Verify application can connect: curl https://api.myapp.com/health
Monitor error rate for 5 minutes
Update status page: “Database recovered, monitoring”

Step 3b: Restore from Backup (~45 minutes)

# SSH to restore target server
ssh postgres@restore-db.internal

# Stop any running postgres
sudo systemctl stop postgresql

# Clear data directory
sudo rm -rf /var/lib/postgresql/data/*

# Set WAL-G credentials
export WALG_S3_PREFIX=s3://my-wal-archive
export AWS_REGION=us-east-1

# Restore latest backup
sudo -u postgres wal-g backup-fetch /var/lib/postgresql/data LATEST

# If PITR needed (data corruption at known time):
# Add to postgresql.conf before starting:
# recovery_target_time = 'YYYY-MM-DD HH:MM:SS UTC'  ← time BEFORE corruption

sudo -u postgres touch /var/lib/postgresql/data/recovery.signal
sudo systemctl start postgresql

# Monitor recovery (watch for "database system is ready to accept connections")
sudo journalctl -u postgresql -f

Verify data integrity: psql -h restore-db.internal -U postgres -c "SELECT count(*) FROM orders"
Update DATABASE_URL to restored server
Run smoke tests: TEST_ENV=staging npm run test:smoke
Update status page: “Database recovered from backup, monitoring”

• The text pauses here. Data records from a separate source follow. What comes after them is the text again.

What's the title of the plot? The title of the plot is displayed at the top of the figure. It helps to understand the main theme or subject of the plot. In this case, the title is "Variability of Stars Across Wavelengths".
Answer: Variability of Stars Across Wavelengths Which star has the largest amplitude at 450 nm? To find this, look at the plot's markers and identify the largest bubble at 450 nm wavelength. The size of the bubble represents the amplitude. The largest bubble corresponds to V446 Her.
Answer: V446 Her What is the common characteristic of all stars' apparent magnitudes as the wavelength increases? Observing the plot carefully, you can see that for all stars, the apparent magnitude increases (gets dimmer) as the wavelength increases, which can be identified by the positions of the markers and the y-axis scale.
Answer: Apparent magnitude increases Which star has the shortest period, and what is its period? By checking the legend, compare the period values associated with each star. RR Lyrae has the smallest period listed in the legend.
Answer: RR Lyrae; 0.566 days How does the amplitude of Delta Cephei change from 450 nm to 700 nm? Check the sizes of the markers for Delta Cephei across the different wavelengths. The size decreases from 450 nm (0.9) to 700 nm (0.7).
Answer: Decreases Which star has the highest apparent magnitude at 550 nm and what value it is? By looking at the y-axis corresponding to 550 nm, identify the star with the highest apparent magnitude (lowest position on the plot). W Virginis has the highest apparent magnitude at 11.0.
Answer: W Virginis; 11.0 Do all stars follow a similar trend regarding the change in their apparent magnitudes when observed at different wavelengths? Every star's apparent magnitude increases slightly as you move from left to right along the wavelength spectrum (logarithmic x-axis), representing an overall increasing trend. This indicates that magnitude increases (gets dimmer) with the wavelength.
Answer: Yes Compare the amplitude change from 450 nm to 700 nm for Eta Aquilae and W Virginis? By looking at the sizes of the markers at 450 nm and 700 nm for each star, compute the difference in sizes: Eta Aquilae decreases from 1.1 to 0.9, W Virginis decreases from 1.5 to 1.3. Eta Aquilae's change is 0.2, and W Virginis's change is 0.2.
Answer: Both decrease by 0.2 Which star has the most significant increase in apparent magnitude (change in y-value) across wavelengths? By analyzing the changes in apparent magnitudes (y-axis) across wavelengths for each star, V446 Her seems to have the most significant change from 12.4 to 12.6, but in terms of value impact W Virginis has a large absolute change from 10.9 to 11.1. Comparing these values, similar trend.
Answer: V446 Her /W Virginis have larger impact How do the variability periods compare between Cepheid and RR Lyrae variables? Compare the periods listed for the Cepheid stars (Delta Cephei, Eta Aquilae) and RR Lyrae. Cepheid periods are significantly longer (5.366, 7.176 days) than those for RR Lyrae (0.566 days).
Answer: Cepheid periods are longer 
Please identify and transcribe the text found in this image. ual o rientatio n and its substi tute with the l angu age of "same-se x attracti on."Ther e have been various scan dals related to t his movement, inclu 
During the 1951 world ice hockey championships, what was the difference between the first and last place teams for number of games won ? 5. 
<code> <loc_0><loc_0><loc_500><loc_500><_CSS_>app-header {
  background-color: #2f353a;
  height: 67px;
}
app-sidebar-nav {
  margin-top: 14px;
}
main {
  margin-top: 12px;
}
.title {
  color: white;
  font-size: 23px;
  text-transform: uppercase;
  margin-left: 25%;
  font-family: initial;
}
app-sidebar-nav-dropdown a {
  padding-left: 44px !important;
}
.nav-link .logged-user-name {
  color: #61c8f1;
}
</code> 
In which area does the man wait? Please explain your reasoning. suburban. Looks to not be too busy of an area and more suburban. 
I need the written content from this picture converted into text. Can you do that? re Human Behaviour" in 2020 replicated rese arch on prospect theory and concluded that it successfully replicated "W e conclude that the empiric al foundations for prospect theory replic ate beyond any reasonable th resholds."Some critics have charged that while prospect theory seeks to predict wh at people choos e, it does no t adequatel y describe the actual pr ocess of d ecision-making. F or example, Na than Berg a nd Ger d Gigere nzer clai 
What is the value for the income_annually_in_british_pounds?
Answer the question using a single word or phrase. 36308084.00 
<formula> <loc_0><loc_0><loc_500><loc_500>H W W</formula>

Step 4: Post-Recovery (ongoing)

Monitor error rates and latency for 30 minutes
Identify and communicate data loss window (RPO achieved vs target)
Open post-mortem issue
Schedule runbook review if steps were wrong or missing


## What Good Looks Like

After a drill, document:
- **Actual RTO:** X minutes (vs Y target)
- **Actual RPO:** X minutes of data loss (vs Y target)
- **Issues found:** steps that were wrong, missing, or unclear
- **Actions:** specific fixes with owners and due dates

If your drill takes 3 hours and your RTO is 1 hour, that's a gap — not just documentation. Fix the process or adjust the target to be honest about your actual capability.

## Drill Anti-Patterns

**The theoretical drill:** Reviewing the runbook in a meeting without actually restoring anything. This finds documentation gaps but doesn't validate that the restore actually works.

**Restoring to the same environment:** If you restore over your production database to test DR, you've just made your disaster worse. Always restore to an isolated test environment.

**Only testing the "last backup":** Verify you can also restore to a point in time from two days ago. If WAL segments for day -2 are missing or corrupt, you'll discover it now rather than when you need them.

**Not timing it:** "The restore succeeded" is incomplete. "The restore succeeded in 52 minutes" tells you whether you're meeting your RTO.